(Records from a data source)
• • • • • • •

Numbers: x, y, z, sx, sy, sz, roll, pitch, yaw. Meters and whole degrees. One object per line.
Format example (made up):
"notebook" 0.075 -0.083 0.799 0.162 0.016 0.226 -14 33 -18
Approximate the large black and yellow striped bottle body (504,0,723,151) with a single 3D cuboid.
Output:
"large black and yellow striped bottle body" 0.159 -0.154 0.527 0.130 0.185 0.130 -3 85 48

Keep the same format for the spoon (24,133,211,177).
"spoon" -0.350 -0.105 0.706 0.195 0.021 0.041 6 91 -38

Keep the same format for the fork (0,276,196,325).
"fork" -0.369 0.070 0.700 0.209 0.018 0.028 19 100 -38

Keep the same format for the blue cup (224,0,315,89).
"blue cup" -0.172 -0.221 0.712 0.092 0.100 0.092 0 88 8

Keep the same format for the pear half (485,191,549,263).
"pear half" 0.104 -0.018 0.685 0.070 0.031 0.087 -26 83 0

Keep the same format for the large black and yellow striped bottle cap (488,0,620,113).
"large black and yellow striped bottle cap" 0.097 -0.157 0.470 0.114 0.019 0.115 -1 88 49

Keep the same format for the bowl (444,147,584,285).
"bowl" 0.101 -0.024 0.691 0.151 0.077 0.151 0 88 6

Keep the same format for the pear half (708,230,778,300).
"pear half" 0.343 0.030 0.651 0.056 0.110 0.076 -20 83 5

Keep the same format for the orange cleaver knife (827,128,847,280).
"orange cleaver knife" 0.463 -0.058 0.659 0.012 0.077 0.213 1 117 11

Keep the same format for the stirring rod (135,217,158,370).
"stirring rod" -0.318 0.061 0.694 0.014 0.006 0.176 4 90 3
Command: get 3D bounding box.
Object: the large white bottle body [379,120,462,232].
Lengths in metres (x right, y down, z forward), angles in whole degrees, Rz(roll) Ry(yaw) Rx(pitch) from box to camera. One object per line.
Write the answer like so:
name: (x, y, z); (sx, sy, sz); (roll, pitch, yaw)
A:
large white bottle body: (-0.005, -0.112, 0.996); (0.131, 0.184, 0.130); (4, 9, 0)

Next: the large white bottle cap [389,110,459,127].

• • • • • • •

Using the data above, tally each line in which "degrees" appears and give the number with no other words.

- _WRITTEN RESPONSE_
2